W obszernym uzasadnieniu skargi podał, że nie zauważył, aby jego kolega kierujący pojazdem spożywał alkohol, ponieważ mówił w sposób wyraźny i zrozumiały oraz nie miał problemów z poruszaniem się. Powyższy fakt mógł wynikać z tego, że skarżący sam był również pod wpływem alkoholu. Nie mógł zatem w pełni i dokładnie ocenić stanu trzeźwości kierującego samochodem. Nie spożywali razem alkoholu, co powoduje, że nie miał przesłanek do tego, by sądzić, że jego kolega jest pod wpływem alkoholu. Ponadto stwierdził, że nie można od niego wymagać, aby za każdym razem wsiadając do samochodu jako pasażer sprawdzał, czy kierowca jest trzeźwy, nawet jeśli nie ma przesłanek, by podejrzewać, że tak nie jest.

Zdaniem pełnomocnika skarżącego, okoliczność, iż skarżący jest policjantem nie oznacza, że zawsze musi być on w pełni gotowy do pełnienia tej roli. Wymaganie od niego zachowania tak szczególnej ostrożności jak podczas pełnienia służby spowodowałoby, że nie mógłby on być całkowicie osobą prywatną.

Odnosząc się do argumentacji organu odwoławczego w sprawie reakcji na konieczność zatrzymania się pojazdu do kontroli pełnomocnik wskazał, że skarżący nie był kierowcą. Ponadto kierowca, żeby zatrzymać się do kontroli najpierw musiał zauważyć, iż to rzeczywiście do niego są kierowane odpowiednie znaki dźwiękowe i świetlne, następnie nie mógł po prostu zahamować i zatrzymać się na środku drogi, gdyż takim zachowaniem stworzyłby zagrożenie dla uczestników ruchu drogowego.
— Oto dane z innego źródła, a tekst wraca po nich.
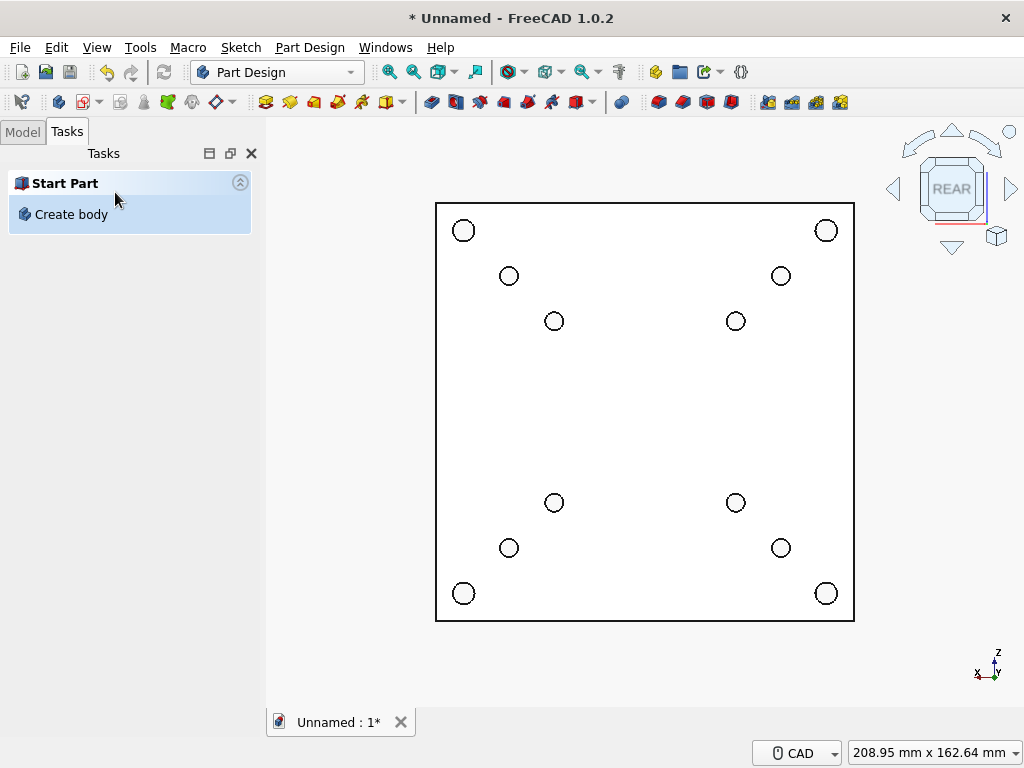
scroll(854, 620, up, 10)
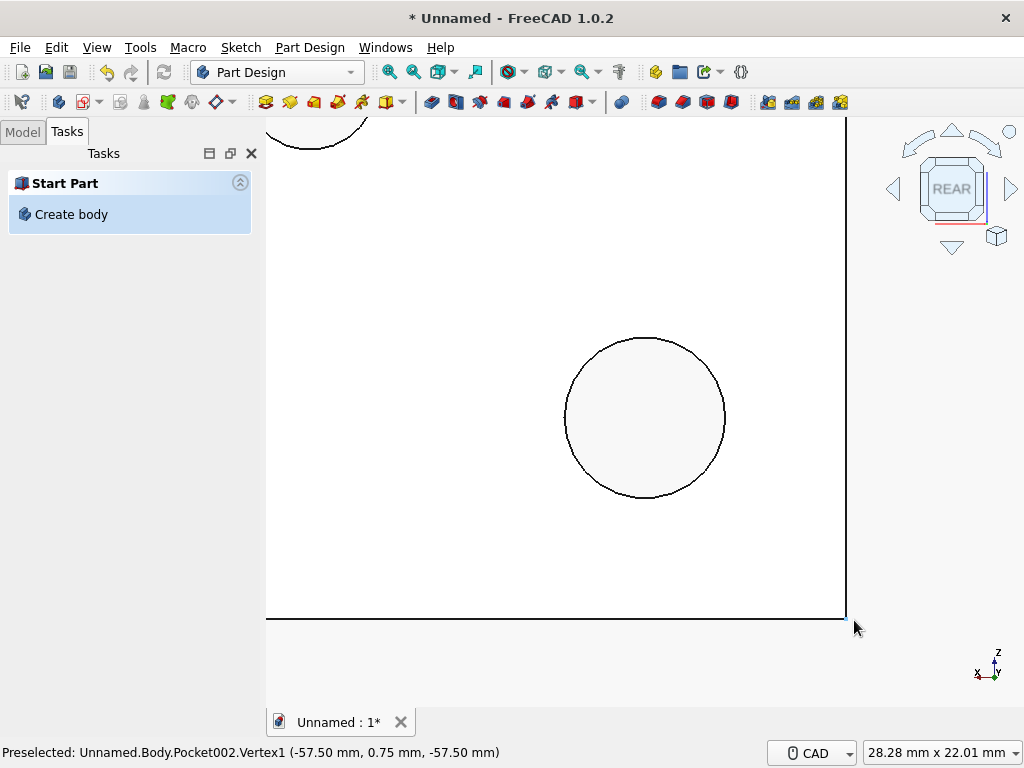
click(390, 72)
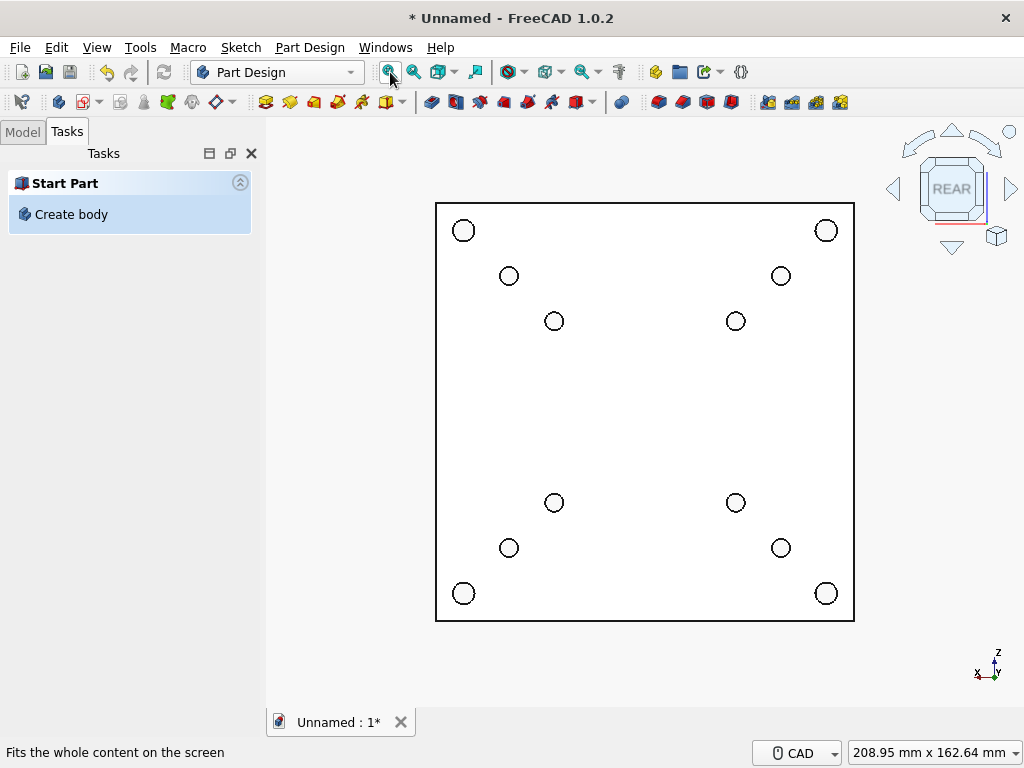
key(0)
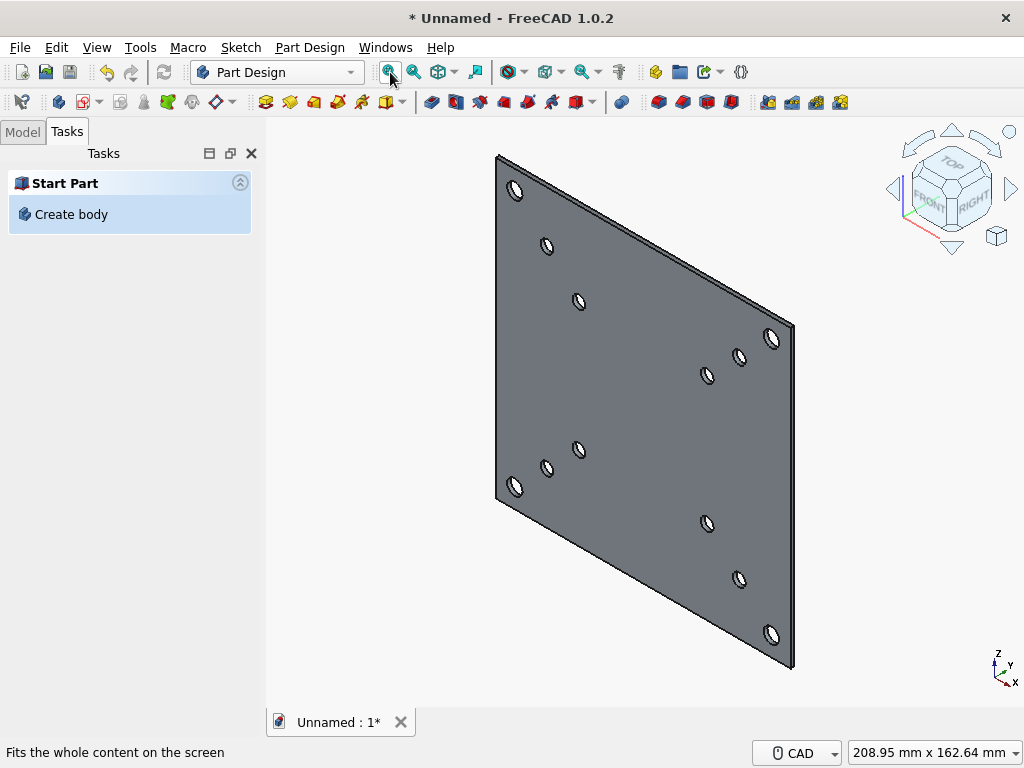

Pełnomocnik skarżącego zakwestionował również twierdzenie Komendanta Głównego Policji, że poruszanie się pojazdem wraz z nietrzeźwym kierującym policjantem jest zachowaniem nagannym w odbiorze społecznym i nie licuje z honorem, godnością i dobrym imieniem służby, ponieważ takie uznanie wymagałoby niejako od policjanta posiadania pewnego rodzaju wszechwiedzy i wręcz czytania w myślach innych osób.

Komendant Główny Policji w odpowiedzi na skargę wniósł o jej oddalenie. Stwierdził, że zarzuty skargi za niezasadne. Wskazał, iż stan upojenia alkoholowego kierowcy był tak duży, że nie sposób twierdzić, iż nawet osoba nietrzeźwa, z o połowę mniejszym stężeniem alkoholu we krwi, nie była w stanie zauważyć, że kierowca nie może prowadzić samochodu. Ponadto z materiału dowodowego wynika, że pojazd nie trzymał się pasów jezdni, gwałtownie hamował oraz wykonywał manewry bez wymaganej przepisami sygnalizacji światłami kierunkowymi, co oznacza, iż skarżący w czasie jazdy miał możliwość oceny sposobu prowadzenia tego pojazdu.

Wojewódzki Sąd Administracyjny w Warszawie uznał, że skarga nie zasługuje na uwzględnienie. W uzasadnieniu wyroku podał, że w niniejszej sprawie rozstrzygnięcie organu zostało podjęte na podstawie art. 41 ust. 2 pkt 5 ustawy o Policji. Istotą sprawy było zatem dokonanie przez organ Policji ustalenia, czy pozostawienie skarżącego w służbie narusza ważny interes służby i uzasadnia jego zwolnienie ze służby.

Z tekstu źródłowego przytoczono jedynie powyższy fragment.